Сегодня он ожидал совершенно особого гостя. Пожалуй, единственного, кого Сталин мог с определенной натяжкой назвать своим... нет, конечно же, не другом. Духовным собратом.
Неожиданно он вспомнил, что они не договорились, кто собственно к кому идет. Может быть, это как раз ему уготована роль гостя? С одной стороны, он, Иосиф Сталин, представляет сторону, у которой просят помощи. С другой, все таки именно он предложил встречу... Сталин задумался, решая в уме немыслимо сложную задачу пусть тайного, но все же дипломатического протокола, но оказалось, что ее уже решили за него.
Металл отозвался звоном в такт бодрой поступи. Стукнула дверь тамбура, зашуршал бархат занавеси. В простор вагона-кабинета, под свет любимых сталинских зеленых ламп ступил человек в синем костюме. Очень высокий, подтянутый, несмотря на печать возраста на подвижном, выразительном лице, чуть подволакивающий левую ногу.
— Здравствуй, Иосиф, — легко сказал он на хорошем русском языке, протягивая Сталину узкую твердую ладонь.
— Здравствуй... Рудольф, — сказал Сталин, шагнув навстречу гостю, спрятав в седых усах улыбку.
Пути истории причудливы и неисповедимы. Обычно никакая воля, никакие усилия не в силах остановить жернова исторического процесса. Но иногда одной случайности, незаметного поворота человеческой судьбы хватает, чтобы изменить мир.
Ничто не предвещало Рудольфу Шетцингу какой-то особенной судьбы, отличной от славных традиций его рода. Отпрыск знатного и древнего германского рода, потомок двадцати поколений офицеров-пруссаков от кавалерии, рубившихся с французами, русскими и всеми прочими соседями, ближними и давними с неизменной храбростью, честью и верой в бога. Рожденный и воспитанный в непоколебимой уверенности и вере, он не мыслил иной стези и иного конца кроме долгой и славной жизни полной сражений за Германию и ее дух.

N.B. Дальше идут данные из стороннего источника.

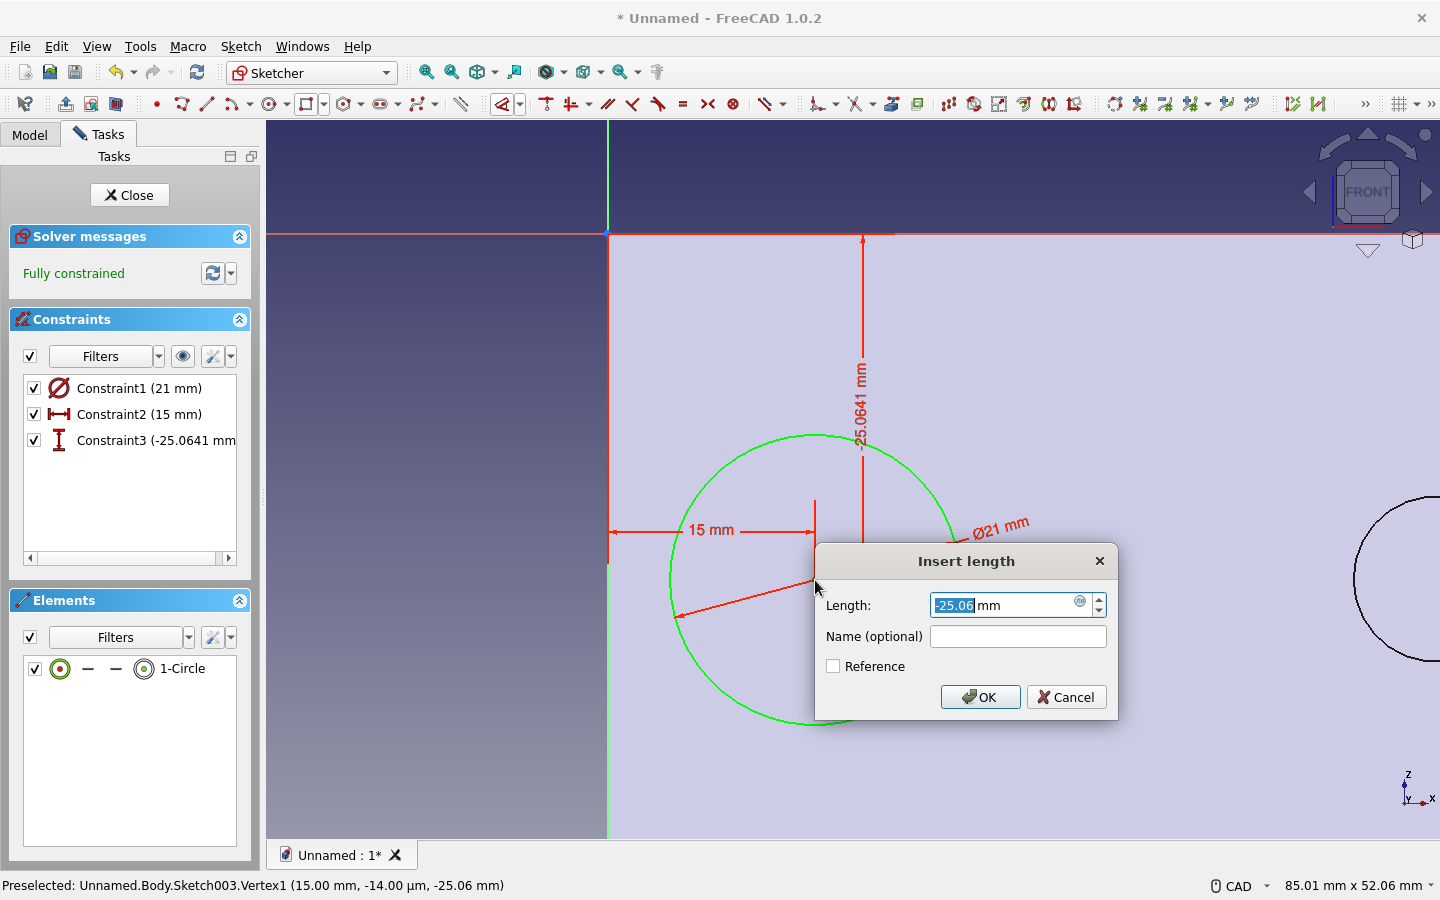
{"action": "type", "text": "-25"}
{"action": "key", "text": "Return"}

Или не долгой... Но непременно славной и непременно военной.
Лишь в одном Рудольф осмелился пойти против семьи — вместо кавалерии он выбрал новомодное увлечение летательными аппаратами, 'аэропланами'. Таковая измена традициям была подсказана нестойкой душе, несомненно, самим нечистым, но Рудольф все же он сумел доказать отцу, что 'аэропланы' — это конечно же не кавалерия, но полезно почти так же как пехота, и тот скрепя сердце решил, что паршивая овца в стаде лучше чем напрочь отломленная ветвь семейного древа.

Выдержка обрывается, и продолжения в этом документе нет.